Vie 16.06.2006
las12

MANDATOS

Cerrá la boca

Ejercicios como forma de castigo por haber comido algo rico, hojas verdes a la hora de la cena so pena de perder el encanto seductor, candados en la heladera, frutillas puestas en la boca del amante sólo para no tragarlas (con sus calorías); comer, evidentemente, queda mal. Justo ahora que las mujeres podemos gritar, hablar, opinar, besar y reír hay que cerrar la boca de nuevo, bien cerrada. No vaya a ser que se cuele un merengue porque si no tendrá cien abdominales más en penitencia.

› Por Luciana Peker

Alicia miraba la vidriera de las confiterías deseando el merengue italiano y las frutillas con pastelera. Pero seguía de largo o –peor aún– salía a correr para olvidar la sequía de delicias en medio de los titubeos de la adolescencia. Carla ya no es adolescente pero, por sus hijas de seis años, intenta relajarse si quiere una tarde con medialunas, aunque ellas ya saben –y miden– qué engorda y qué no engorda. Laura es flaca, muy flaca, pero siente que es gorda porque fue gorda y que toda su vida va a ser gorda. No puede olvidar los atracones y las revueltas, aun entre los parciales de la Facultad de Filosofía y Letras. Ahora la mayor diversión de Patricia es ir a cenar con su marido, pero, en su primer encuentro, pidió una ensalada porque le parecía que –aun en una mujer liberada como ella– comer (y comer es comer pasta y no pasto) era mala señal para una primera cita.

Hasta el siglo XX la palabra placer estaba desterrada del diccionario femenino. El cuerpo no era propio y el sexo era un deseo ajeno. La revolución de la píldora les dio a las mujeres libertad sobre su cuerpo. Ya no era la única posibilidad embarazarse después de tener sexo. ¿Se necesitará ahora una pastilla que permita comer sin engordar para que las mujeres vuelvan a poder concretar sus deseos? ¿O los cuerpos tendrán que ser los que quieren ser y no los que deben ser, según la angostita mirada moderna?

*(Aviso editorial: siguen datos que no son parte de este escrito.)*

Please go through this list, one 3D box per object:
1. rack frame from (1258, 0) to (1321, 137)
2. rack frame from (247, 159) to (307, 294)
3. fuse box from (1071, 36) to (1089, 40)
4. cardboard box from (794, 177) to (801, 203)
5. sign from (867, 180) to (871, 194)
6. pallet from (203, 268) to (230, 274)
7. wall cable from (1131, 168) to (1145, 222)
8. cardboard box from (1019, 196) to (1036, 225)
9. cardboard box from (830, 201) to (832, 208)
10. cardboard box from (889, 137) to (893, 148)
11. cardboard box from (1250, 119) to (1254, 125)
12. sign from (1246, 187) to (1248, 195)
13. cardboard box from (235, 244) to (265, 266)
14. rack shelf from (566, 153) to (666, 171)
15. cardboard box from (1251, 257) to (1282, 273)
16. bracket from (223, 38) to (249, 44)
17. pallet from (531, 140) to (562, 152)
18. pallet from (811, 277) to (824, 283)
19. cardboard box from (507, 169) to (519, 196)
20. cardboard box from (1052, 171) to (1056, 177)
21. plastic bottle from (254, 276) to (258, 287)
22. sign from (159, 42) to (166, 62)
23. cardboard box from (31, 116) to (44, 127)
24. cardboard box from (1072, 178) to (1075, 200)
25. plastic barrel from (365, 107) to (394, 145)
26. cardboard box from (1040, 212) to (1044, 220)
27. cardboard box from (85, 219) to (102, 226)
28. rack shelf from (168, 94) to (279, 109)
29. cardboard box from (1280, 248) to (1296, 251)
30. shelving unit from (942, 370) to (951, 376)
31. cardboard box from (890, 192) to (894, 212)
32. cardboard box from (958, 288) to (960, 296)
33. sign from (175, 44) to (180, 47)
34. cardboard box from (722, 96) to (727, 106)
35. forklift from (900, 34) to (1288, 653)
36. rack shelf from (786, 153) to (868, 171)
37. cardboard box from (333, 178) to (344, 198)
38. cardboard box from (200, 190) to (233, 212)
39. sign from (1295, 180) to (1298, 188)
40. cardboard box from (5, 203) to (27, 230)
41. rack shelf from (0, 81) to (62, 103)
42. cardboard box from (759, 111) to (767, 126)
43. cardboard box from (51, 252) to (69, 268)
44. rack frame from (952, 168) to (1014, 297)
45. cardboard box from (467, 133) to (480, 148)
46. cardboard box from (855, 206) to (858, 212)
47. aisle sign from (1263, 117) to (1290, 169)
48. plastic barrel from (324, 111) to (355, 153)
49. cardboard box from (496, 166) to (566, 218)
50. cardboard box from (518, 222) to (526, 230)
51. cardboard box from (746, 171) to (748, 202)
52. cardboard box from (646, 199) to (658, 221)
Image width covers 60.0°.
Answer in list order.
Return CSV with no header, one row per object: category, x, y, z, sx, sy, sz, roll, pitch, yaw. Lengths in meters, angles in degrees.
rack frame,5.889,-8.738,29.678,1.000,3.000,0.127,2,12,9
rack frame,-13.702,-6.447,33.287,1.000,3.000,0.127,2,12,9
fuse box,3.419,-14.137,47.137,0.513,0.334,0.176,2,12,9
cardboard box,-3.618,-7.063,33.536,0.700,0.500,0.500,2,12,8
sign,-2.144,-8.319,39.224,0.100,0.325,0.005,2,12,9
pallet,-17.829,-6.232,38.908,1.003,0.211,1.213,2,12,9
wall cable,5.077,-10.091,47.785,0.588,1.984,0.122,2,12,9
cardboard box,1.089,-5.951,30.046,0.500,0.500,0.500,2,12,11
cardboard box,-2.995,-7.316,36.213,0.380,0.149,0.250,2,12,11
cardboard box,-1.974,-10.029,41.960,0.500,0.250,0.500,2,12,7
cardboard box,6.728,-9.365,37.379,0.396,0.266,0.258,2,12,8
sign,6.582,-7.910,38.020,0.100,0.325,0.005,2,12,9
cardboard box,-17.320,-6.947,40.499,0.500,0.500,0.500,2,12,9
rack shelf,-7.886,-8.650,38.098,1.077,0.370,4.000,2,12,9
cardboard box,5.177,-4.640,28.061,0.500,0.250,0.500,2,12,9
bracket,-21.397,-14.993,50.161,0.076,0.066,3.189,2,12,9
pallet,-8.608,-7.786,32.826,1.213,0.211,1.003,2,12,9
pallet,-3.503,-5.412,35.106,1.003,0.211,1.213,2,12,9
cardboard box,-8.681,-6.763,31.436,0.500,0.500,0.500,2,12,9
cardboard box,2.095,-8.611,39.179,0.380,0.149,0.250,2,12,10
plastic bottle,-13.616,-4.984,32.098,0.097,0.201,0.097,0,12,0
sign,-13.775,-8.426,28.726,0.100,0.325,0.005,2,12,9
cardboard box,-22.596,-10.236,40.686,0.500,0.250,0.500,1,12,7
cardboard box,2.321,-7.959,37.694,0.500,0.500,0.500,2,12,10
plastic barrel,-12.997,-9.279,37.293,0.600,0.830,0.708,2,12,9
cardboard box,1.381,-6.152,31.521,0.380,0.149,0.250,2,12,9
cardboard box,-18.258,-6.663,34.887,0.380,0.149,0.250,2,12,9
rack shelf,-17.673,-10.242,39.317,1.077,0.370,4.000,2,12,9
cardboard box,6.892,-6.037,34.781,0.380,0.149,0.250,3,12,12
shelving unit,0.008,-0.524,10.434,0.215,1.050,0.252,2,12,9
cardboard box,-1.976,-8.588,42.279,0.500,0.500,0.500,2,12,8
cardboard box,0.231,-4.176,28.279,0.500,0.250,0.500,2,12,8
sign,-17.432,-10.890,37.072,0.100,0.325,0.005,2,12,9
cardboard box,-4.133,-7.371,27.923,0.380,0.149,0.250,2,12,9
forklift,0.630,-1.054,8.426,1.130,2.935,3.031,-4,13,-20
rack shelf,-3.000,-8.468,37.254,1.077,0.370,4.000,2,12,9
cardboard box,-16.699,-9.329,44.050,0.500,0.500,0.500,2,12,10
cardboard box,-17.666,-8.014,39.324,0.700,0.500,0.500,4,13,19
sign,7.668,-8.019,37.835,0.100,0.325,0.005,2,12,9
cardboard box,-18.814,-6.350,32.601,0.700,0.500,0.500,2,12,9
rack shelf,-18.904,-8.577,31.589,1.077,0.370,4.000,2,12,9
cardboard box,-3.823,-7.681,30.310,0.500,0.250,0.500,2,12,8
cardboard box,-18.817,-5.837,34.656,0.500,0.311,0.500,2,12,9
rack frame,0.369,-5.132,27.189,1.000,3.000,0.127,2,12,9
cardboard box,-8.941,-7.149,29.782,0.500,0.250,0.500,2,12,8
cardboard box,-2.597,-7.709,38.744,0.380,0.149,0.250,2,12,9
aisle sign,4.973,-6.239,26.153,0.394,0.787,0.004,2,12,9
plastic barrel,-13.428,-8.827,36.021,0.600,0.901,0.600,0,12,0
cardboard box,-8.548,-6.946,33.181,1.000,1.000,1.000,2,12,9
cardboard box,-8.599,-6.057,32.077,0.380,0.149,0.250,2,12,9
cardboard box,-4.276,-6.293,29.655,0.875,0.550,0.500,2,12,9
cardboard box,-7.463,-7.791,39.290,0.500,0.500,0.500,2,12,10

Junto con el mandato de la delgadez, el cuerpo perdió un permiso y un placer: el de comer. Hoy comer está mal visto. Por eso, muchas mujeres comen escondidas, no comen, comen poco o comen –siempre– light. Por eso, Florencia Peña –famosa por hablar y no por callarse– se tapa la boca con una cinta que también acuartela la puerta de su heladera, Araceli elige una bebida 0%, la chica de la propaganda de mayonesa deshoja la margarita para saber si le pone a un plato una cucharadita de Hellmans (que gracias a diosdiet ya viene con menor tenor graso) y la amiga de la propaganda de “Ser” reta a la otra porque se come un sándwich. “¿No te estabas cuidando vos?”, la increpa.

Epa. “¿No te estabas (o no deberías) cuidarte vos?” es una frase que, dicha, silenciada, gritada, burlada u obviada es palpitada por muchas mujeres cada vez que miran una carta, compran en el supermercado, cocinan, piden o –simplemente– llevan un bocado a la boca. Por eso –incluso más allá de la delgadez o el sobrepeso– la presión sobre la alimentación femenina es el gran tabú de la época sobre el cuerpo (y los deseos) de las mujeres.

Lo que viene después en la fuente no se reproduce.